Perhaps Weasel was helpful to a Federal Appeals Court recently, by standing up to Mega-corporations, when oil and gas leases were denied access to scenic public lands in Wyoming and Utah. Was it Weasel that assisted David-like local municipalities by enacting local bans or moratoriums on Goliath-like oil and gas companies to prevent gas drilling and “fracking” that pumps millions of gallons of chemically treated water into the ground to extract gas from deposits deep down in our Mother’s veins? Synchronistically, Weasel parallels a recent movement of politicians that are beginning to see through the Fog of War by taking a stand against the War Hawk mentality in American foreign policy. In short, Hawkish agenda du jour seeks to push for more Drones and robots that popular films such as the Terminator and Robocop showcased in the entertainment industry, under the guise of a self-fulfilling prophecy back in the 1980s and 90s. Do we want to reenact the warmongering history of the Old Testament or do we really want to manifest a New Covenant by co-creating a Divine marriage between Heaven and Earth? Great Spirit is helping us wake up to a higher quality of respect. Rather devolving into a reptilian-brain, fear-based respect that mirrors a gangbanger mind-set, we need to clear our Karma by earning respect back from our more vulnerable populations.
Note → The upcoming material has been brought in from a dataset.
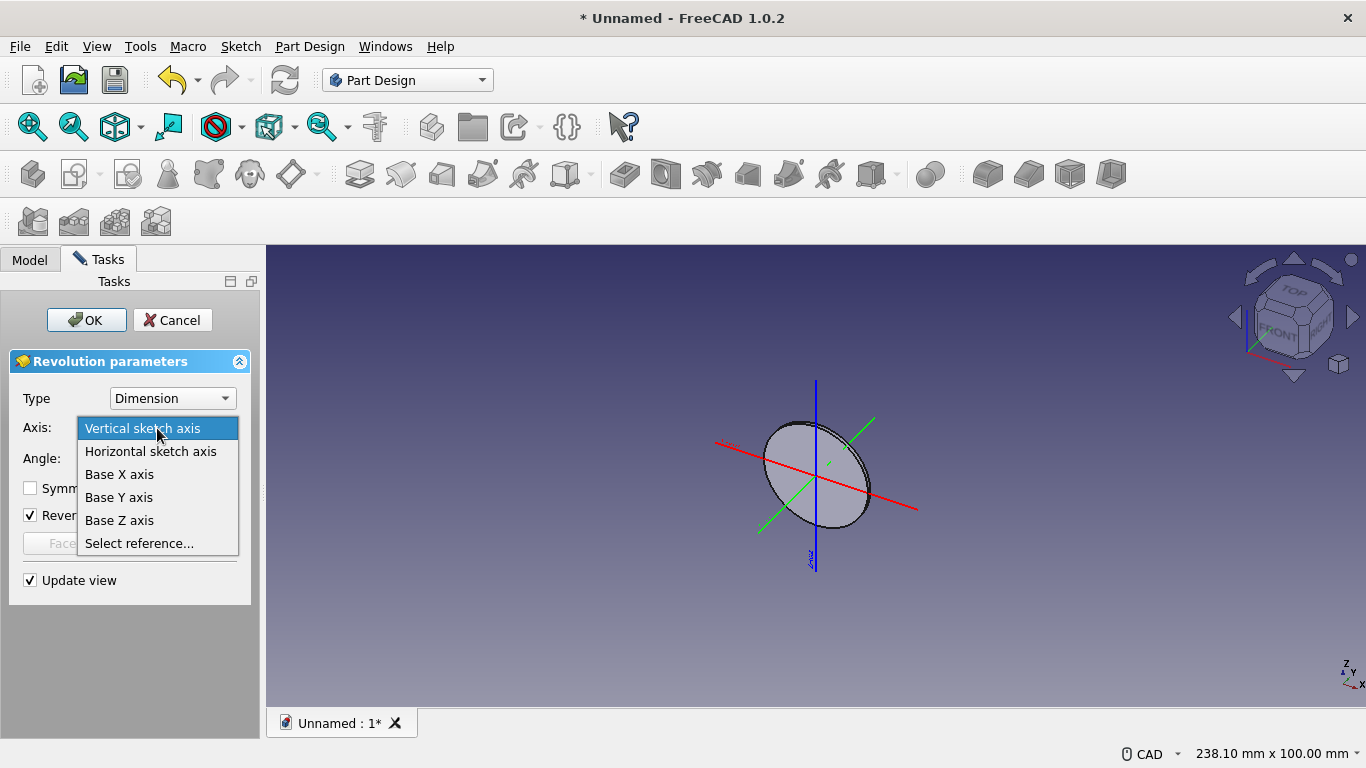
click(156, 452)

The oppressor must welcome the oppressed to the negotiating table with transparency and trust so that we may heal our wounds. With great freedom comes great responsibility, as the same systems that oppress can liberate. Taxation with Representation in part looks like crafting legislation that eradicates our Weapons of Mass Destruction without blowing things out of proportion. But we all need to do our part. Weasel’s medicine can silently help us pursue the process of inner peace by dissolving our internal warheads, so that the waves of this energetic Tsunami are felt across our Planet and we are universally inundated.

When remembering to consume the free-spirited energy of Weasel, we learn how to pursue our goals, while staying out of trouble. Do you need to weasel your way out of situations that don’t appear to allow for it? Do you need to develop your own observational skills? Are you being too vocal in your pursuits? Do you need to dig deeper into your soul? Are you and others being honest? Weasel is powerful medicine that aids us in developing our observational skills, read between the lines, see beneath the surface and perceive the truth behind the smoke and mirrors. We are able to hear what is really being said and see multiple consequences to an event, much like playing chess. May we use its medicine to shine our light in a discreet fashion for mutual-aid. The time is now to ascend from a dimensionally challenged perspective, so that we may open up to a multi-dimensional worldview that values a deeper heartfelt connection to one another.